Aim of the task: Look through the listing below for the string "Формат". Show each line where it occurs.
START Dataset records
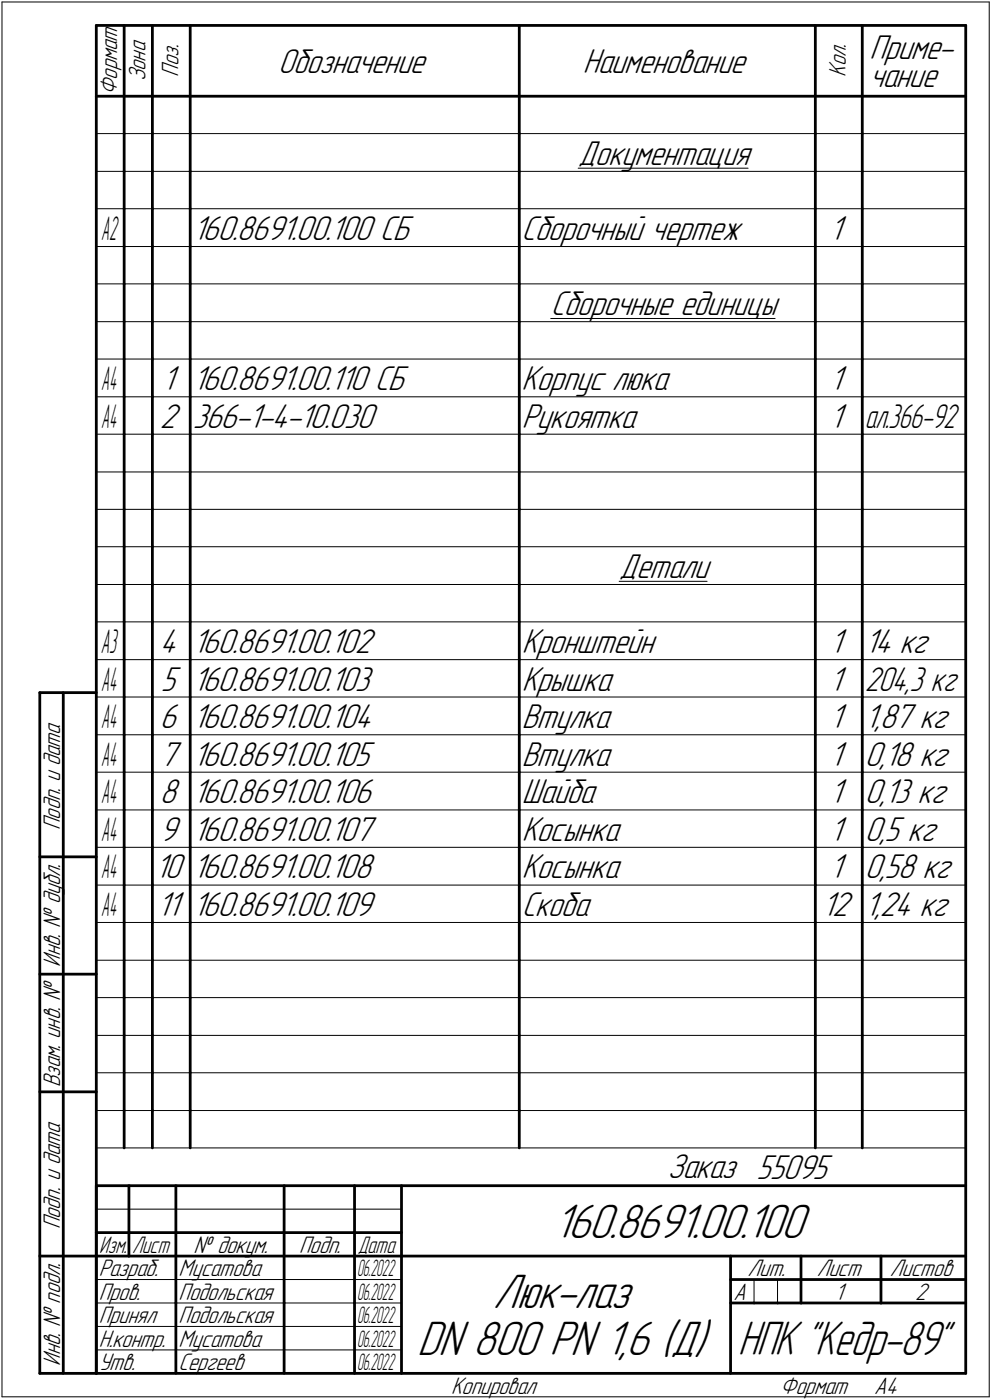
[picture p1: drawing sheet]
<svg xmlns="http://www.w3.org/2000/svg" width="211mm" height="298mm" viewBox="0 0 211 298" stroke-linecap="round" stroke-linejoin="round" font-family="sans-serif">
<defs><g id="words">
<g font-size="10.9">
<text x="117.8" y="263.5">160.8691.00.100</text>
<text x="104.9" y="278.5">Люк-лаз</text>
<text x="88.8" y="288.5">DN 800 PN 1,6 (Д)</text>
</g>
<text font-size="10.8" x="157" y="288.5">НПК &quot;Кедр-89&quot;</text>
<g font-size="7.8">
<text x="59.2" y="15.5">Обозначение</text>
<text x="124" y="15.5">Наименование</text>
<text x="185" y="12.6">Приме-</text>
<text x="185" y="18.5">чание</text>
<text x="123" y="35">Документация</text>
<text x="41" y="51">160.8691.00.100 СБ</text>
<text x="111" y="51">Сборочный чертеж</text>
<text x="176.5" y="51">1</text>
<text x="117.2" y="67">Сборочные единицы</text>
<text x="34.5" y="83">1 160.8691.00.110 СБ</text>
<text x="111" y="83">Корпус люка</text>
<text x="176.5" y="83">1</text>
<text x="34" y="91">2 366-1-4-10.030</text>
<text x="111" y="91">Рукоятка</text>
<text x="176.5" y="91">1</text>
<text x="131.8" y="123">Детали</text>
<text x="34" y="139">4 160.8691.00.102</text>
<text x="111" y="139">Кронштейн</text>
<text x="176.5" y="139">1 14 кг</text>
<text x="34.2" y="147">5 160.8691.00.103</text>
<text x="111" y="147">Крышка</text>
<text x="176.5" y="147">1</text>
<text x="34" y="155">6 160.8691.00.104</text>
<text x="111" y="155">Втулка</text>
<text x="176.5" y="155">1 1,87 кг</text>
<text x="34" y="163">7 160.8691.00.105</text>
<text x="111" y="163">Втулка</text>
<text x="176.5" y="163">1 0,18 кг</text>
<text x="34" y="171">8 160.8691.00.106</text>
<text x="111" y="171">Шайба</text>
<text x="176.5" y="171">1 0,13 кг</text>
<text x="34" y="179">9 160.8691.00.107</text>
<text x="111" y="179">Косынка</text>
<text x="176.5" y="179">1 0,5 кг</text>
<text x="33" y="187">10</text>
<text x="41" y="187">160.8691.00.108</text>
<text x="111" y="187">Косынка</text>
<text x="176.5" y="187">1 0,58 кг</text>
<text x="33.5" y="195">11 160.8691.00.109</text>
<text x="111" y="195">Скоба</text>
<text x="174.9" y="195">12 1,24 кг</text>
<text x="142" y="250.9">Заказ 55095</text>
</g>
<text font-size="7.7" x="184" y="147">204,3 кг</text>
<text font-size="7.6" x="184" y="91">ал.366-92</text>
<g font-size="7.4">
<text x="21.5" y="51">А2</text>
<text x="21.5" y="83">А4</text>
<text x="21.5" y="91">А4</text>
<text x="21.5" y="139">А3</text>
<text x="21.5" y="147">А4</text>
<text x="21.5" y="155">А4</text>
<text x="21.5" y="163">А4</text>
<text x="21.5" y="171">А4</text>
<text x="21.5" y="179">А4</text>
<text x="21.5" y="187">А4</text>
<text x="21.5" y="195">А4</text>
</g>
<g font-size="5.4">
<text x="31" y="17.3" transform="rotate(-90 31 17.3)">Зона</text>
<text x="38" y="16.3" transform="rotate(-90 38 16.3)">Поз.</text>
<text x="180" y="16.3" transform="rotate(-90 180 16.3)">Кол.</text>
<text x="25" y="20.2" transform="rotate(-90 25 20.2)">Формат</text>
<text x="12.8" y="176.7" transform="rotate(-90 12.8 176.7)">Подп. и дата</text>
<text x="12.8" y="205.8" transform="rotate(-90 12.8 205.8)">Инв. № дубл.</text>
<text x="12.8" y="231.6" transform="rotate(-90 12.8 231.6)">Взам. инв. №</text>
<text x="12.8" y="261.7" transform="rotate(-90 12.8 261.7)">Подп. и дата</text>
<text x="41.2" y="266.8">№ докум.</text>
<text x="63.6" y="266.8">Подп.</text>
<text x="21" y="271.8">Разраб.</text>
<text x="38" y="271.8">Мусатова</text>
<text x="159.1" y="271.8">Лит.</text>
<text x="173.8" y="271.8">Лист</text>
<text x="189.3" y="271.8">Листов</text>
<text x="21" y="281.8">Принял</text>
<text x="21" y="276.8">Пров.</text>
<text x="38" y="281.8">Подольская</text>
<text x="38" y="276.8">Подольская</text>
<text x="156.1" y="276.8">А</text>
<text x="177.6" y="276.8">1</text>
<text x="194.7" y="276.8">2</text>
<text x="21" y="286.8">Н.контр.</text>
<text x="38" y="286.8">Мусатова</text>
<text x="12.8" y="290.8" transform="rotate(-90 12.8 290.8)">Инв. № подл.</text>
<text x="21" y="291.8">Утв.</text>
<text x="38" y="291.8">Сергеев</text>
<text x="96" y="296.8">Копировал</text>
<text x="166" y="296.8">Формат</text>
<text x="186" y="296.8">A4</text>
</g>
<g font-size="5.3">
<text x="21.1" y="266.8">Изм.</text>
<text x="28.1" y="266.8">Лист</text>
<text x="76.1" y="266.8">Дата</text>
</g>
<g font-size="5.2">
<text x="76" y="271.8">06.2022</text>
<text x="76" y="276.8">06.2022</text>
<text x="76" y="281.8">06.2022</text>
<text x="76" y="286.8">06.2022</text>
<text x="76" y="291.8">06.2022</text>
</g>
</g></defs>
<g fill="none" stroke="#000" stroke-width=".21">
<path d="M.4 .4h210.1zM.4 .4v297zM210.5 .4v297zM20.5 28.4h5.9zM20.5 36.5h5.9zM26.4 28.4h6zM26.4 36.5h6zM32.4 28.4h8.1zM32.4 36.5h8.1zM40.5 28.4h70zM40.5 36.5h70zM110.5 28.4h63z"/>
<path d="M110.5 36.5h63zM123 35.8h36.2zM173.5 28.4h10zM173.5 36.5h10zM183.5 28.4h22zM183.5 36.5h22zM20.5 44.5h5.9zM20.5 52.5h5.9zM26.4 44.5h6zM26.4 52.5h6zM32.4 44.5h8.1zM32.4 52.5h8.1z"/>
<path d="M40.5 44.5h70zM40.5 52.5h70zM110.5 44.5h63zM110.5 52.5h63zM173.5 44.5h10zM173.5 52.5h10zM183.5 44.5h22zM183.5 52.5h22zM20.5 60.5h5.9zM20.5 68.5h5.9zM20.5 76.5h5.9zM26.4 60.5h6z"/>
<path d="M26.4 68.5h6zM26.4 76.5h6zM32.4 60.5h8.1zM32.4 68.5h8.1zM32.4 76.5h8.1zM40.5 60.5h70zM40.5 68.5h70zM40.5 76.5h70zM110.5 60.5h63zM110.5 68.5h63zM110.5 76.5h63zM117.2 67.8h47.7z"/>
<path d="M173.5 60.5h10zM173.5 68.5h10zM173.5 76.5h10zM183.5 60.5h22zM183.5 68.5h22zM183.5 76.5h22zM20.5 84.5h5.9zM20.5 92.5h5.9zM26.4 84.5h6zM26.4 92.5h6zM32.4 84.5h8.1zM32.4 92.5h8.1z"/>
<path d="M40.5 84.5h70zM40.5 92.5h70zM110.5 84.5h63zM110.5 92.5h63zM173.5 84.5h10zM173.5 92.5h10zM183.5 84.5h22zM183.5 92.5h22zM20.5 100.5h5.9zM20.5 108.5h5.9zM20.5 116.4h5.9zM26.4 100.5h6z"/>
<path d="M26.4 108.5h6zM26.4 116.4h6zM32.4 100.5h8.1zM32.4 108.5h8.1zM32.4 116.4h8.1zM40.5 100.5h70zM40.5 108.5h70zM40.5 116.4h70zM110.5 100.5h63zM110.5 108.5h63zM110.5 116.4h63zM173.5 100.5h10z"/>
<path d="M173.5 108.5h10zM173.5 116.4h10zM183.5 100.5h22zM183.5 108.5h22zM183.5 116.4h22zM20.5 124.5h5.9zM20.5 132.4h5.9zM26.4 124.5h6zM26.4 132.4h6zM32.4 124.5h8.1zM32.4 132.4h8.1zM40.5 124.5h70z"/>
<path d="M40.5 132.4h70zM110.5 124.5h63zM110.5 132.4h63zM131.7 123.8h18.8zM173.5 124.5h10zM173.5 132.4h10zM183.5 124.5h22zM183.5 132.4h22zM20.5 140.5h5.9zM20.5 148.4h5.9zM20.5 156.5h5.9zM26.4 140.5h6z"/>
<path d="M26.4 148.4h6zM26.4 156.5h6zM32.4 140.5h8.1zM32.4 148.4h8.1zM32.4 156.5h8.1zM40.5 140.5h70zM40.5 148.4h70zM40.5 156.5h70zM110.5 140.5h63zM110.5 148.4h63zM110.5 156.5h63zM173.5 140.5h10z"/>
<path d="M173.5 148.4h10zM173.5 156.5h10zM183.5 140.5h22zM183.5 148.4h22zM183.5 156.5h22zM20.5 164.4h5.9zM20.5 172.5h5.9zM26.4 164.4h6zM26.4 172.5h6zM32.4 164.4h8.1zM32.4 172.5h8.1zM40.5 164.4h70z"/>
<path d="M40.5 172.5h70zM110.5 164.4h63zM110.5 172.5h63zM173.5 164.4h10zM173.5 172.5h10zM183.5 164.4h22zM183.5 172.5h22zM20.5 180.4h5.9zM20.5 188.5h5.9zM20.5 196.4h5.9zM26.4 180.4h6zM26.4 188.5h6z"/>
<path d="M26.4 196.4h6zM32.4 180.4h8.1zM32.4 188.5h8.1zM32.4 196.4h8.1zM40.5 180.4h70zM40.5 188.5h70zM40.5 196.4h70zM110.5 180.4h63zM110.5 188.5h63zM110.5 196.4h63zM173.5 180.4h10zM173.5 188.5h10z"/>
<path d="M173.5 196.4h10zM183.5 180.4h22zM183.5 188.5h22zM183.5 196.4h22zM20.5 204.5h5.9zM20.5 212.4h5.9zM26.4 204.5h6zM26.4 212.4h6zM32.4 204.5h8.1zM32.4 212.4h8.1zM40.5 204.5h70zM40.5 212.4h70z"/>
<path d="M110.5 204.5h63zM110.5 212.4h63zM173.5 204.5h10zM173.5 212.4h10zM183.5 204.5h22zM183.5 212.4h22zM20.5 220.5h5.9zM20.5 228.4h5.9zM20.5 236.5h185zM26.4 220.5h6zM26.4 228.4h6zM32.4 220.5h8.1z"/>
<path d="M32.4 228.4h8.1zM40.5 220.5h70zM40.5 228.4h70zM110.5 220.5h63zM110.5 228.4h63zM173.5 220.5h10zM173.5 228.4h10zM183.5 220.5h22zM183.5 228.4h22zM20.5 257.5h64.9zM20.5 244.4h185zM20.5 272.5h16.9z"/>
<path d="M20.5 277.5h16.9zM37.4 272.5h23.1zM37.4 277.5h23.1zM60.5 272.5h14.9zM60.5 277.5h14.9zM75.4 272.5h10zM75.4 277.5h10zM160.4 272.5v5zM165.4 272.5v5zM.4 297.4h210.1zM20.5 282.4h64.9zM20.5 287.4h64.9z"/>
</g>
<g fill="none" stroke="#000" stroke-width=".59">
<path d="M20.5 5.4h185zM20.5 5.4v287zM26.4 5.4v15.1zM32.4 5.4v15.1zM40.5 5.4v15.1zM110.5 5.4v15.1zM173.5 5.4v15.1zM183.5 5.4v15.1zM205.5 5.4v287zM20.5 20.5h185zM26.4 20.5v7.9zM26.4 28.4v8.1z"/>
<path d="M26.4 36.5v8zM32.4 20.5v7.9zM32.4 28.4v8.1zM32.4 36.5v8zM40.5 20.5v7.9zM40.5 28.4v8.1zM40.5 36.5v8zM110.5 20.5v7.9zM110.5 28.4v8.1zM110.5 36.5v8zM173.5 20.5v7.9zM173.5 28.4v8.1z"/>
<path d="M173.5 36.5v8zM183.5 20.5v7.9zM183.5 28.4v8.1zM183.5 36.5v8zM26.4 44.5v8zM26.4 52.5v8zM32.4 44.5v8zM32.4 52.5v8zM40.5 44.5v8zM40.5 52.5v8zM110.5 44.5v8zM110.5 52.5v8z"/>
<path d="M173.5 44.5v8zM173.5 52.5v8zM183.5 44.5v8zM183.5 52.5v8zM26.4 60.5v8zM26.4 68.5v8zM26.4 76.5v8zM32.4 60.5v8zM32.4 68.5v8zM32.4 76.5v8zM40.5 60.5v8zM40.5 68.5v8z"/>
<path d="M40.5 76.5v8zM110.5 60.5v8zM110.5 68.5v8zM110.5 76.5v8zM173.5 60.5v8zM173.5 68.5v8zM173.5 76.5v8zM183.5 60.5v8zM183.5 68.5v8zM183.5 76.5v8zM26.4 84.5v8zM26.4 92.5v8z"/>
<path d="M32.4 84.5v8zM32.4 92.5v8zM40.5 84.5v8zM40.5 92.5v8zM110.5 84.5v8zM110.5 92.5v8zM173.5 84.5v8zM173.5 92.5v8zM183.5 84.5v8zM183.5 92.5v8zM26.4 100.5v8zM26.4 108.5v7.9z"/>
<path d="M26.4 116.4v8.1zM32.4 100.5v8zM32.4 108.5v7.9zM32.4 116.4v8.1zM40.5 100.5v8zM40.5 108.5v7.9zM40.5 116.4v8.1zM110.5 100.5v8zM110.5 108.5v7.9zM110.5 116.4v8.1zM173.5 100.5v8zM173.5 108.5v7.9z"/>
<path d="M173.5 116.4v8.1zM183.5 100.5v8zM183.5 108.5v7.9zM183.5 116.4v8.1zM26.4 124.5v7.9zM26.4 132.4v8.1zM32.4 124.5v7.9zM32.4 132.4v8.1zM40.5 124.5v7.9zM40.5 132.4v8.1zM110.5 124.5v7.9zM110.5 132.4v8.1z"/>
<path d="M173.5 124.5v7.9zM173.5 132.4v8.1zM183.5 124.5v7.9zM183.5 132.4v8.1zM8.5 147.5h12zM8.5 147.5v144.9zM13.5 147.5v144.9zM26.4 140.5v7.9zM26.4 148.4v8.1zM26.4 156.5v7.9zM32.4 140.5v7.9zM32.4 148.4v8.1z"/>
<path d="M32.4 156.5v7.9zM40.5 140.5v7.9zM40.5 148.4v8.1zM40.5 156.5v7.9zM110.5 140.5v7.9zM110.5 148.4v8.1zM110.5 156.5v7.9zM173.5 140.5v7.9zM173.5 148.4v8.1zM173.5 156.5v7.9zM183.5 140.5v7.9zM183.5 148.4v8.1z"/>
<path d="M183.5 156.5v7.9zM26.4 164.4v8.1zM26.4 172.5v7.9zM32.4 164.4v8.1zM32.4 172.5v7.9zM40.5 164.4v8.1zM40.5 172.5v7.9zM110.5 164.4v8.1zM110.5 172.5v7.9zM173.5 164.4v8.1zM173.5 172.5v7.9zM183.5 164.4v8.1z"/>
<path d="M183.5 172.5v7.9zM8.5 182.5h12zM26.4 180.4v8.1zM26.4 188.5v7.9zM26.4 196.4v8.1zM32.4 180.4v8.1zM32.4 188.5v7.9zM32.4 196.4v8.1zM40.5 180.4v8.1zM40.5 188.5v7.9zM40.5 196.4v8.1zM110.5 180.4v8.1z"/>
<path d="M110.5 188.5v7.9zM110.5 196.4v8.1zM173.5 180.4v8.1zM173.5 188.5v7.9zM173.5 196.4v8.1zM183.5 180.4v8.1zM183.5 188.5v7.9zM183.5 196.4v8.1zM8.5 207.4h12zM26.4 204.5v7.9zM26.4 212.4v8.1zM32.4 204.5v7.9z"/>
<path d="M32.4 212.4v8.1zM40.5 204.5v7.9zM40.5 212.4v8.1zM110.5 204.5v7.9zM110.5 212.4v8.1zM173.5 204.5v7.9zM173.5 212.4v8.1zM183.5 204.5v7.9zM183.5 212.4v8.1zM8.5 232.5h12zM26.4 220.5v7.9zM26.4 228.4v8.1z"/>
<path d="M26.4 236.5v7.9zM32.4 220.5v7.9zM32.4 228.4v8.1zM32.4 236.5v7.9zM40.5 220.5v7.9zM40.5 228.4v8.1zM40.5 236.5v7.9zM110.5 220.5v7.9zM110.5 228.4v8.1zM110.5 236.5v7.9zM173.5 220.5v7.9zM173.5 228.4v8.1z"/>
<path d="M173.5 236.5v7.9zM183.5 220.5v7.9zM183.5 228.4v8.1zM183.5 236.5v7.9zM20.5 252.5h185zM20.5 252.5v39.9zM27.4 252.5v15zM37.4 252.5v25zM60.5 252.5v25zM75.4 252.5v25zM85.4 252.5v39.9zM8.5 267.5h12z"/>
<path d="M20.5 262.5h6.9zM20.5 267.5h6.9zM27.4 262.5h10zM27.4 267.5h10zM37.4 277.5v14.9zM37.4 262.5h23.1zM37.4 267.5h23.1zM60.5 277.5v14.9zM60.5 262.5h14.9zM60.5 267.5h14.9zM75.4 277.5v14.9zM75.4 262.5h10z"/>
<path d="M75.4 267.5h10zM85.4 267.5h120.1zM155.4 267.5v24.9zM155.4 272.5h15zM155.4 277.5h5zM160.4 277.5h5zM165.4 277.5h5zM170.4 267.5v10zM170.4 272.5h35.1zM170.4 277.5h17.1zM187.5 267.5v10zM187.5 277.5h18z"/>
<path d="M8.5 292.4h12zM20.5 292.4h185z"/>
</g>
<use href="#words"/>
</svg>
END Dataset records
Answer for this exercise:
<text x="25" y="20.2" transform="rotate(-90 25 20.2)">Формат</text>
<text x="166" y="296.8">Формат</text>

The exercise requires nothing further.